What we see is that in terms of the 2016 weighted average cost, most renewable technologies are within a competitive range of fossil fuels. The key exception to this is solar thermal which remains about twice as expensive (although is falling). Hydropower, with the exception of traditional biomass, is our oldest and well-established renewable source: this is reflected in its low price (which can undercut even the cheapest fossil fuel sources). Note however that although the weighted average of most sources is competitive with the average fossil fuel cost, the wide range of potential costs means that this is not true for all countries. This is why the selection of particular technologies need to be considered on a local, context-specific basis.

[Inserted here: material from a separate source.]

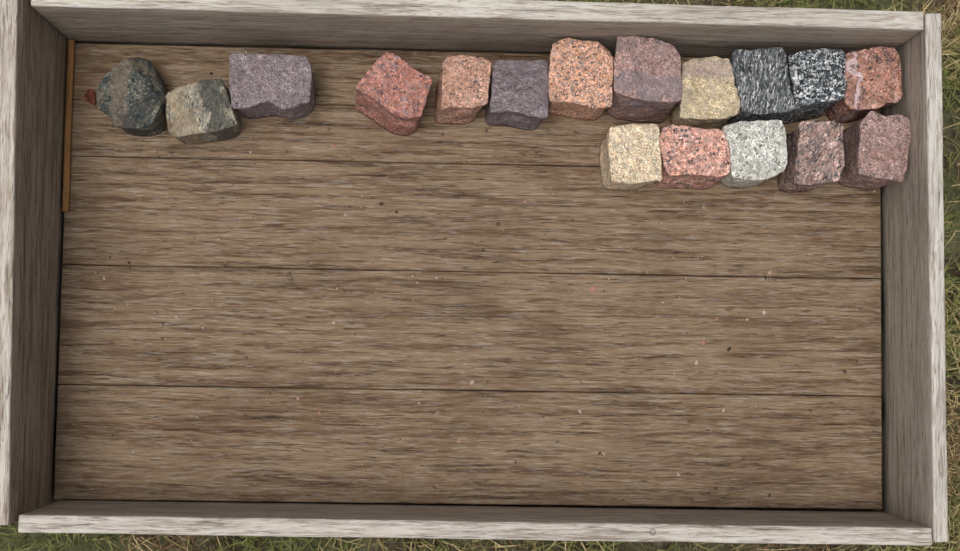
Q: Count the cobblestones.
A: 17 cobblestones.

If we consider how the average cost of technologies changed from 2010-16, we see that both solar PV (and to a lesser extent, solar thermal) dropped substantially. This cost reduction in solar PV has been dramatic over the past few decades, as shown in the chart below. The price of solar PV modules has fallen more than 100-fold since 1976. On average, the technology has had a learning rate of 22 percent; this means that the cost falls by 22 percent for every doubling in solar PV capacity (although progress has not necessarily been constant over this period).

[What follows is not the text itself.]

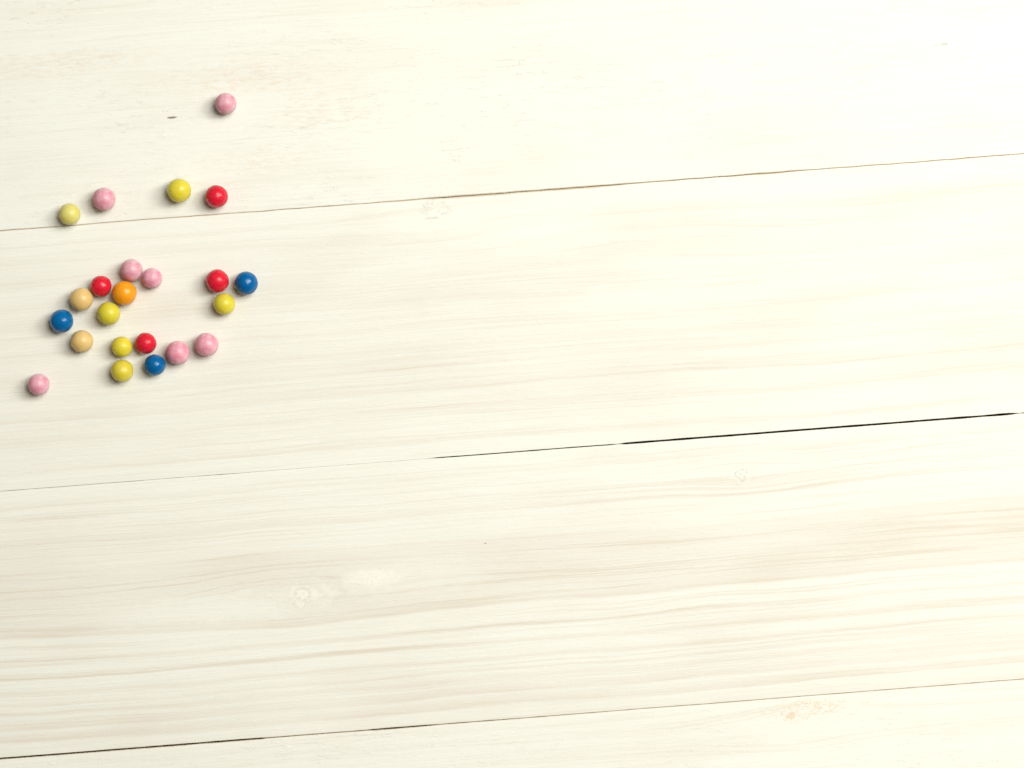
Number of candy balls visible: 23

One of the considerations which has- and will continue to- have an influence on our choices is the relative health and safety implications of energy sources. This health concern manifests itself in a range of forms and over various timescales. In the near-term, the key concerns are related to accidents in the production of energy, potential nuclear incidents, and local air pollution. Over the longer-term, these health concerns relate the relative energy drivers of climatic change (which can affect health and safety in various forms, including food access, water resources, sea-level rise, extreme weather events and disease distribution).

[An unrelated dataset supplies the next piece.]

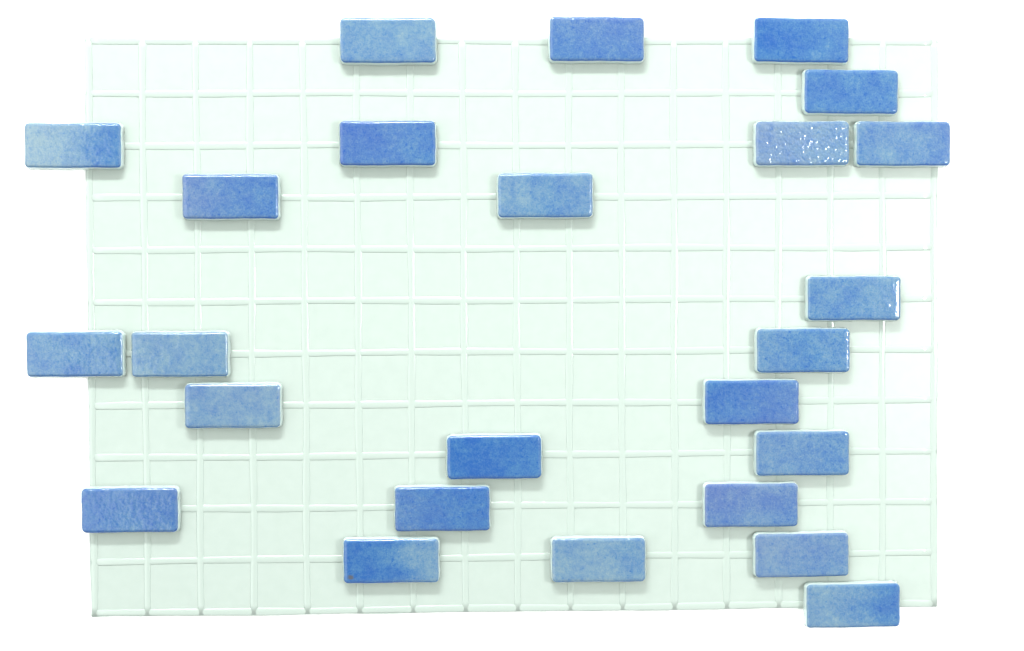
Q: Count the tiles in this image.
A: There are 25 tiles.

We have covered this issue in detail in two blog posts; one summarising the range of estimates on the death toll from the Chernobyl and Fukushima nuclear incidents; the other covering the relative energy safety of our major energy sources. The key conclusion can can be summarised in the chart below; if we define safety based on the death rate per terawatt-hour (TWh) of energy production, coal is the least safe form of traditional energy. As a result of its minimal contribution to air pollution, nuclear is measured to be the safest.